= Manorial Society of Great Britain =

The Manorial Society of Great Britain Limited is a private limited company by Guarantee incorporated on 30 December 1996 with a membership of approximately 1,900 Lords of the Manor, feudal barons, peers, and historians mainly from the United Kingdom and Ireland. The society aims to promote the study of English history, specifically the monarchy and parliamentary institutions, while preserving manorial records and fostering comradeship among those with similar interests.

==Governance==
The Governing Council of the Manorial Society of Great Britain in 2018 includes the following members of the British peerage and knightage amongst whom one usually hosts an annual reception at the House of Lords.

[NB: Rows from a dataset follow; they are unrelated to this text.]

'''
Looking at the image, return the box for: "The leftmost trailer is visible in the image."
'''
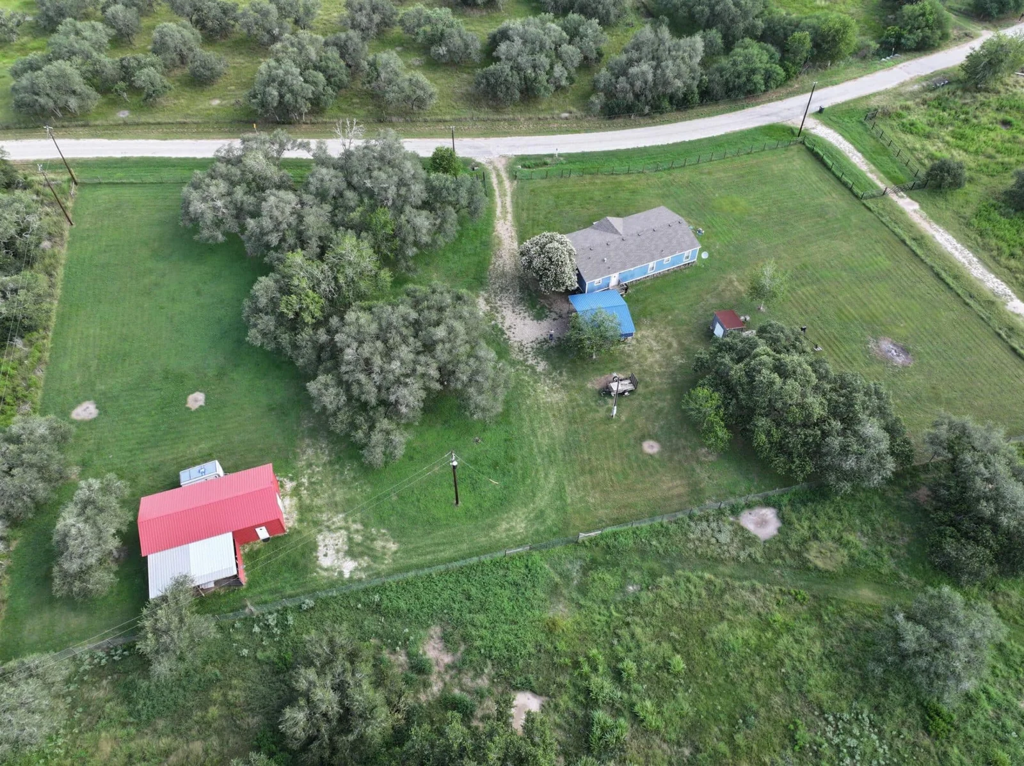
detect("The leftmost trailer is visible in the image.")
[181,462,233,488]
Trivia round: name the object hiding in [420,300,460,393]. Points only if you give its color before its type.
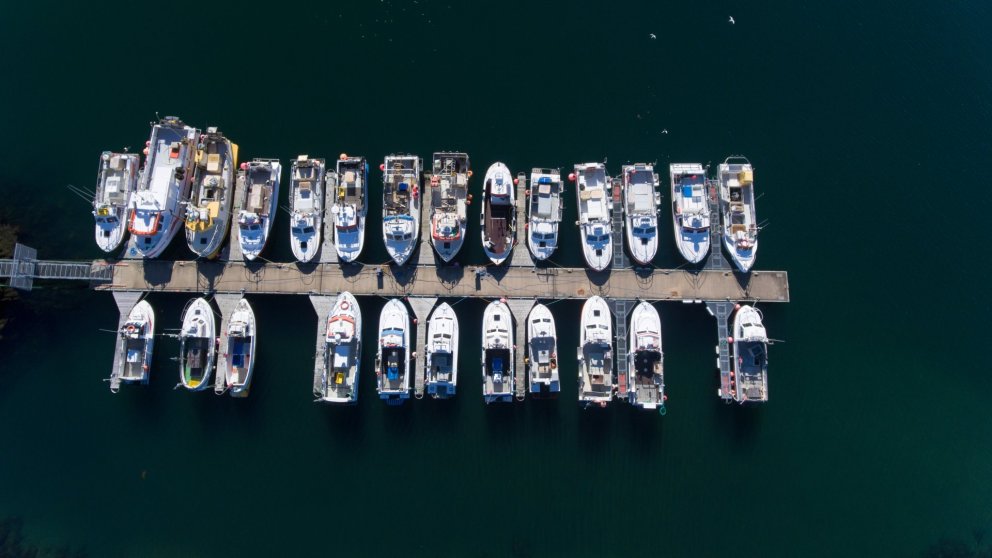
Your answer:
white boat
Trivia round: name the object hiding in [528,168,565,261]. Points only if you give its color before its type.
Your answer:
white boat
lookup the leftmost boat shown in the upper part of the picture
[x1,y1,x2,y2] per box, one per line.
[72,149,139,253]
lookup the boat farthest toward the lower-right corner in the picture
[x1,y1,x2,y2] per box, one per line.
[730,304,785,402]
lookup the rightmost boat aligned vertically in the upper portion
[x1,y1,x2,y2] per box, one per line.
[718,157,769,273]
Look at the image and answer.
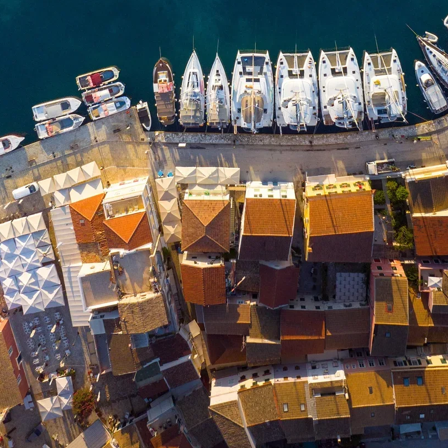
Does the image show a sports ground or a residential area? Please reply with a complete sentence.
The picture captures a residential area.
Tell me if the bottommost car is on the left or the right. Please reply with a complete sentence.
The bottommost car sits on the left side.
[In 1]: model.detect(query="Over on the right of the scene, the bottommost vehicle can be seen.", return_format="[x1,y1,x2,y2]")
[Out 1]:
[367,160,400,177]
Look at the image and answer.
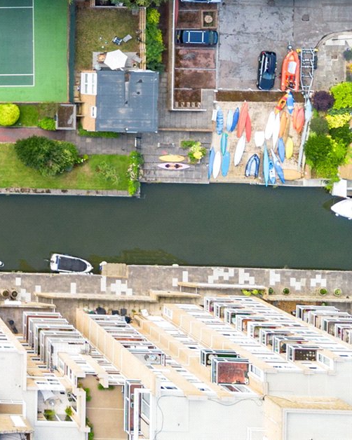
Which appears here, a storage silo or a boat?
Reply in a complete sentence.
The one in the frame is a boat.
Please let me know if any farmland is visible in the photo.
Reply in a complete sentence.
No, farmland can't be seen anywhere here.
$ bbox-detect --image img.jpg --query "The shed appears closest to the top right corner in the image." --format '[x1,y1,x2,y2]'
[214,91,316,103]
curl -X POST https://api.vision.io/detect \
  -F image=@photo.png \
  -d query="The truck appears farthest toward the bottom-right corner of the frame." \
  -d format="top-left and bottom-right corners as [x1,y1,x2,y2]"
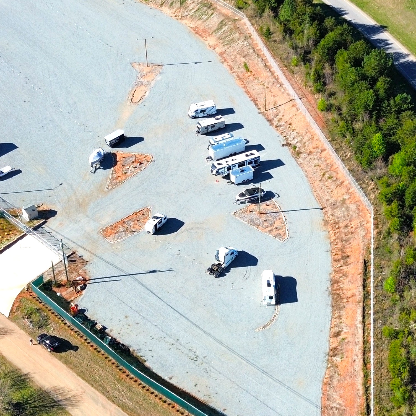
[207,249,241,276]
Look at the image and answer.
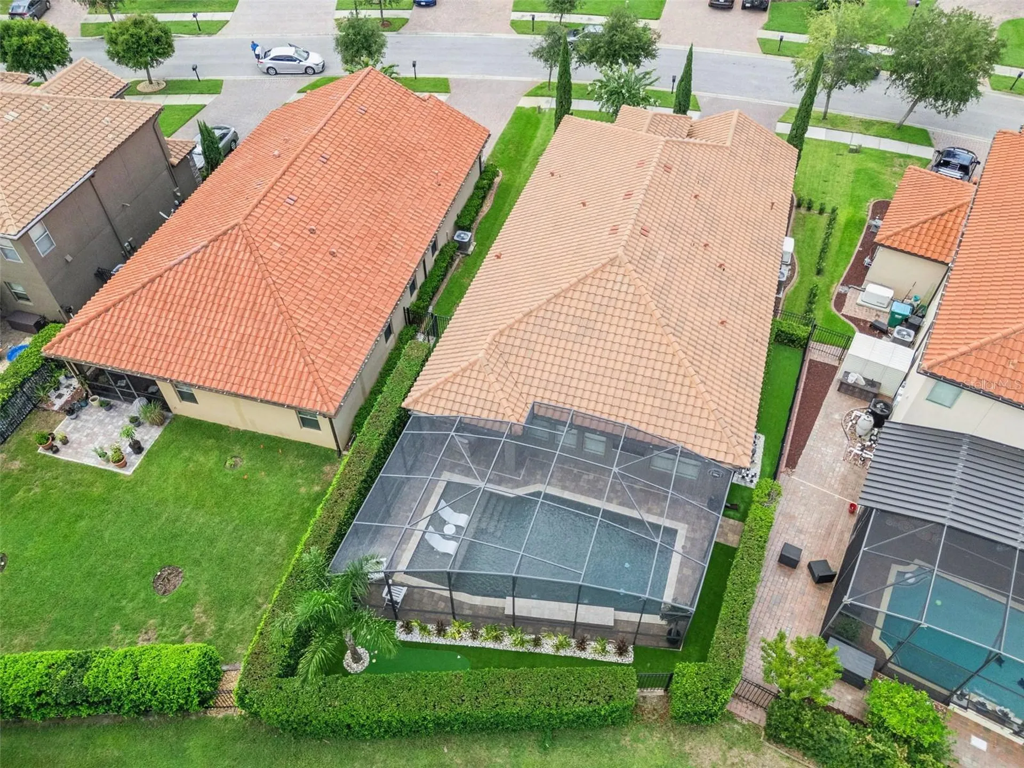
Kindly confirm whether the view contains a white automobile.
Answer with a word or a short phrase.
Yes
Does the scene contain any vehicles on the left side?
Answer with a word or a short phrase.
Yes
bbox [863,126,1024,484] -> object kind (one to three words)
house
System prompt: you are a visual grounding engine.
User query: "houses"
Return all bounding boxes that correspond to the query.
[403,102,802,499]
[40,64,493,460]
[863,126,1024,484]
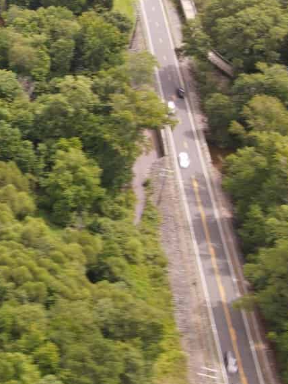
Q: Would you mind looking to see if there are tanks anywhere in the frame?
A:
No
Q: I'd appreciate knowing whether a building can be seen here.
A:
No
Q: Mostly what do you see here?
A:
trees
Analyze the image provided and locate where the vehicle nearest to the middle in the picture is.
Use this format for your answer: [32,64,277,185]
[178,150,190,166]
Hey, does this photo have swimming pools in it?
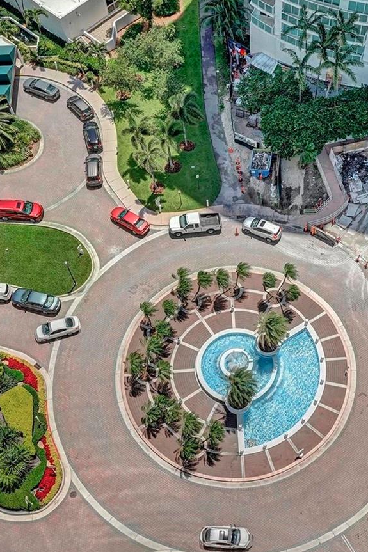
Yes
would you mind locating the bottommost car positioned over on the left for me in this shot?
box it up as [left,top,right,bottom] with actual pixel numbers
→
[33,318,83,345]
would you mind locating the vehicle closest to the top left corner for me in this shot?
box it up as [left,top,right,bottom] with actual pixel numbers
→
[21,78,62,102]
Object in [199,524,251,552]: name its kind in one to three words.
car
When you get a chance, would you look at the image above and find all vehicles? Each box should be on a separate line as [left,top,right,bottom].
[168,211,223,237]
[0,283,13,304]
[21,78,62,102]
[11,290,61,316]
[63,93,97,122]
[0,198,42,221]
[199,524,251,552]
[240,217,285,244]
[33,318,83,345]
[81,119,105,154]
[109,208,151,236]
[83,154,104,190]
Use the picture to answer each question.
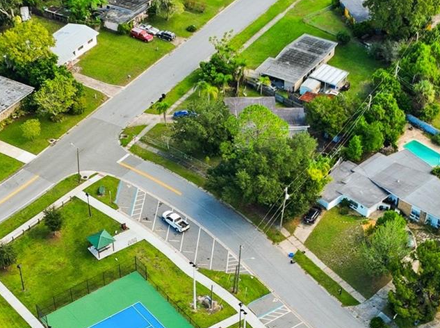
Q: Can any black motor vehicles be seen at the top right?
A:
No
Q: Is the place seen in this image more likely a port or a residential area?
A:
residential area
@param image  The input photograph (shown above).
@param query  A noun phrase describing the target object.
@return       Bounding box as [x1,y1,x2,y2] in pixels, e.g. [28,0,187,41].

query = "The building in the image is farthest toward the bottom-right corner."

[322,150,440,231]
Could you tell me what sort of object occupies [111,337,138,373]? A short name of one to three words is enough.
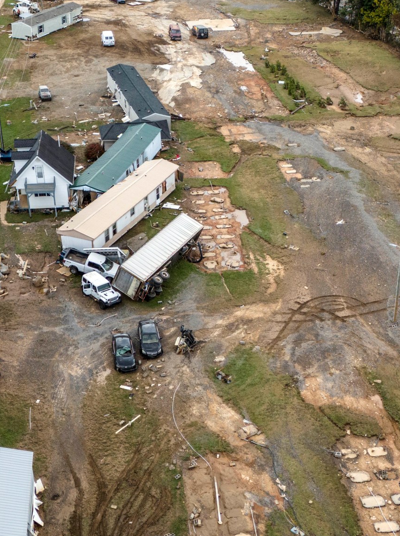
car
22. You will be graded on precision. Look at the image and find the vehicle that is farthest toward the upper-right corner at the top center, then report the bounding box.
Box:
[193,27,208,40]
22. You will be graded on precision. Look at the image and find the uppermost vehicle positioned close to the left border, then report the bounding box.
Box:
[7,0,43,15]
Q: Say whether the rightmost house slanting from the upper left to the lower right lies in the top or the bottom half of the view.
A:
top
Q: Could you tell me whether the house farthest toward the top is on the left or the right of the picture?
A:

- The Right Honourable the 10th Earl of Shannon
- The Right Honourable the Lord Sudeley, MA (Oxon), FSA
- The Right Honourable Sir Desmond Lorenz de Silva, QC, PC, KStJ
- Mr Cecil Humphery-Smith, OBE, FSA

==Original foundation==
The original Manorial Society was established as a pressure group in 1906 but did not long survive. Another organization claiming to be a revival was registered in 1995 as "The Manorial Society Limited" under Company registration No. 03111590. Both organizations are no longer connected to the original society.

==Source of information==
Her Majesty's Land Registry refers to the Manorial Society of Great Britain as a source of information in assisting research on manors as officially indicated on HMLR Practice Guide 22.

==Publications==
In 1996 the Society co-published a guide to Manorial Law.

In 2012 the Society published a Manorial Directory, listing a number of surviving manorial lordships and feudal baronies in Great Britain and Ireland, with their histories and biographical information on their current holders.